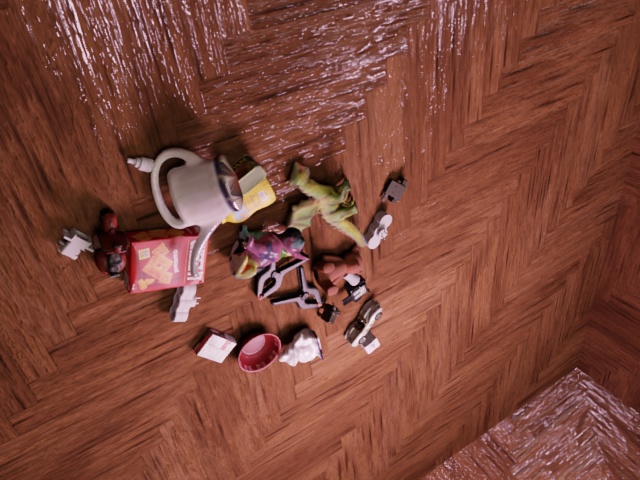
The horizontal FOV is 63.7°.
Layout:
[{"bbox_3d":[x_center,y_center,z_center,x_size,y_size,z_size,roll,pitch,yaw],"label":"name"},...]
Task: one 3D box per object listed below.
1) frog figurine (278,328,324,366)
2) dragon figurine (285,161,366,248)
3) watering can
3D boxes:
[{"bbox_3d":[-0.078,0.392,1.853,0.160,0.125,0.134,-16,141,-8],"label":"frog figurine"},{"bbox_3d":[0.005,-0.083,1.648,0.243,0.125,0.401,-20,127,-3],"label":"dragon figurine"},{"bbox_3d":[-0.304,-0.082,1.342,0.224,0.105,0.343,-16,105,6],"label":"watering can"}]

◇ ◇ ◇ ◇ ◇

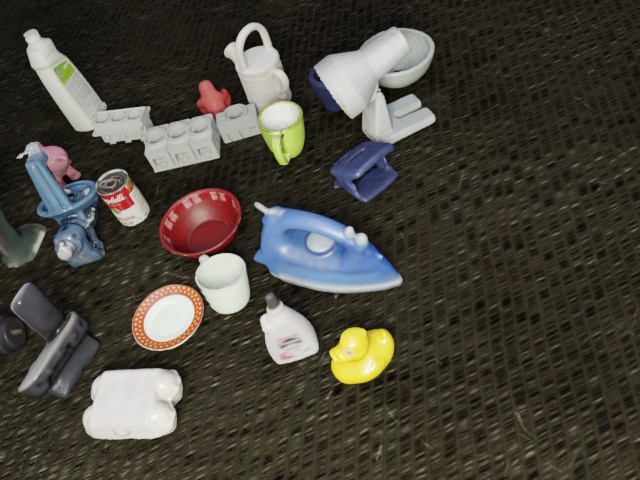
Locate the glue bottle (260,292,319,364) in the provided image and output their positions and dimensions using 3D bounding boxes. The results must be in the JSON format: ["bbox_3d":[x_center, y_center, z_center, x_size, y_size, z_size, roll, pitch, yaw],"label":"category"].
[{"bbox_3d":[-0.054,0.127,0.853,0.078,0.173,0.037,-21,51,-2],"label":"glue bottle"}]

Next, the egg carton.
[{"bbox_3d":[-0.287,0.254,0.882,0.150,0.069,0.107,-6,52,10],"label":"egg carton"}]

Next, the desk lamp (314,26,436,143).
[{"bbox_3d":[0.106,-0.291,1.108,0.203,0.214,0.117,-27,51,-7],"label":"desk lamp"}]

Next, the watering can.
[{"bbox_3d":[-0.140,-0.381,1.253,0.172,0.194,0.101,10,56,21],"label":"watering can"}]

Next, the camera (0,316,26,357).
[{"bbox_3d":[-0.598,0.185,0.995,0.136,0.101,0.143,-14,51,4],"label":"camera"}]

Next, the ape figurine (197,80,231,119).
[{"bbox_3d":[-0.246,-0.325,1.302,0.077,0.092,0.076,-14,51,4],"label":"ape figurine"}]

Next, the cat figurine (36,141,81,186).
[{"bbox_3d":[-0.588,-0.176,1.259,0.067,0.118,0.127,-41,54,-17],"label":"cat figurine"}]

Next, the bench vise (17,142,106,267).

◇ ◇ ◇ ◇ ◇

- **Exercise requirements**
Return exactly the lines above from the line that has "Next, the desk lamp (314,26,436,143)." through the line that has "Next, the bench vise (17,142,106,267).", inclusive, and nothing else.

- **Your response**
Next, the desk lamp (314,26,436,143).
[{"bbox_3d":[0.106,-0.291,1.108,0.203,0.214,0.117,-27,51,-7],"label":"desk lamp"}]

Next, the watering can.
[{"bbox_3d":[-0.140,-0.381,1.253,0.172,0.194,0.101,10,56,21],"label":"watering can"}]

Next, the camera (0,316,26,357).
[{"bbox_3d":[-0.598,0.185,0.995,0.136,0.101,0.143,-14,51,4],"label":"camera"}]

Next, the ape figurine (197,80,231,119).
[{"bbox_3d":[-0.246,-0.325,1.302,0.077,0.092,0.076,-14,51,4],"label":"ape figurine"}]

Next, the cat figurine (36,141,81,186).
[{"bbox_3d":[-0.588,-0.176,1.259,0.067,0.118,0.127,-41,54,-17],"label":"cat figurine"}]

Next, the bench vise (17,142,106,267).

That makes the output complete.